Die Behandlung mit diesen Verbindungen verringerte die Lebensfähigkeit der Krebszellen und förderte dessen Selbstmordprogramm, die sogenannte Apoptose. Wobei das Hamamelitannin das effizienteste war und auch das normale Zellwachstum nicht hemmte.

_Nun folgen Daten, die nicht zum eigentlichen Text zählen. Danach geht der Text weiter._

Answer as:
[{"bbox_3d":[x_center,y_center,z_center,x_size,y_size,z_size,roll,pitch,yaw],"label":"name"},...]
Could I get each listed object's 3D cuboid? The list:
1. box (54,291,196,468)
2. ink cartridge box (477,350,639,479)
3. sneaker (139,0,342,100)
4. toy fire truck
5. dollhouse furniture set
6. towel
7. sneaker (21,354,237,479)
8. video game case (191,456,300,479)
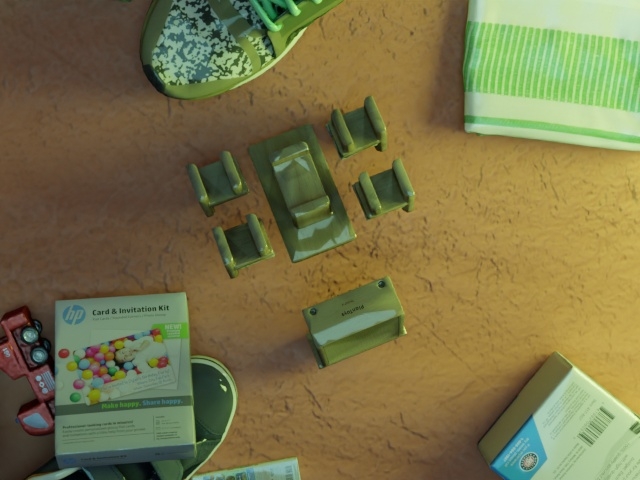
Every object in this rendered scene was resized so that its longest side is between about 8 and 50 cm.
[{"bbox_3d":[-0.209,0.147,1.532,0.145,0.038,0.186,-3,56,-4],"label":"box"},{"bbox_3d":[0.304,0.248,1.624,0.203,0.086,0.148,39,94,-10],"label":"ink cartridge box"},{"bbox_3d":[-0.017,-0.291,1.469,0.410,0.182,0.158,-37,100,1],"label":"sneaker"},{"bbox_3d":[-0.361,0.139,1.569,0.135,0.047,0.192,-24,100,-1],"label":"toy fire truck"},{"bbox_3d":[0.000,0.000,1.560,0.212,0.161,0.242,-21,77,-2],"label":"dollhouse furniture set"},{"bbox_3d":[0.285,-0.267,1.574,0.247,0.038,0.325,5,98,-5],"label":"towel"},{"bbox_3d":[-0.221,0.253,1.560,0.321,0.127,0.126,-39,98,0],"label":"sneaker"},{"bbox_3d":[-0.080,0.299,1.635,0.122,0.011,0.087,-10,99,-4],"label":"video game case"}]

Weiters stellte sich in einem Versuch mit einem hydroalkoholischen Extrakt aus Hamamelisrinde (mit Hamamelis virginiana) heraus, dass die Inhaltsstoffe der Hamamelisrinde auch Herpes-simplex-Virus Typ 1 erfolgreich bekämpfen können. Außerdem zeigten sich Eigenschaften als Radikalfänger und starke entzündungshemmende (antiphlogistische) Wirkungen. Dafür verantwortlich zeigten sich vor allem das Hamamelitannin, das Catechin und weitere nicht identifizierte Bestandteile.


Literatur:

Sánchez-Tena S, Fernández-Cachón ML, Carreras A, Mateos-Martín ML, Costoya N, Moyer MP, Nuñez MJ, Torres JL, Cascante M. Hamamelitannin from witch hazel (Hamamelis virginiana) displays specific cytotoxic activity against colon cancer cells. Nat Prod. 2012 Jan 27;75(1):26-33.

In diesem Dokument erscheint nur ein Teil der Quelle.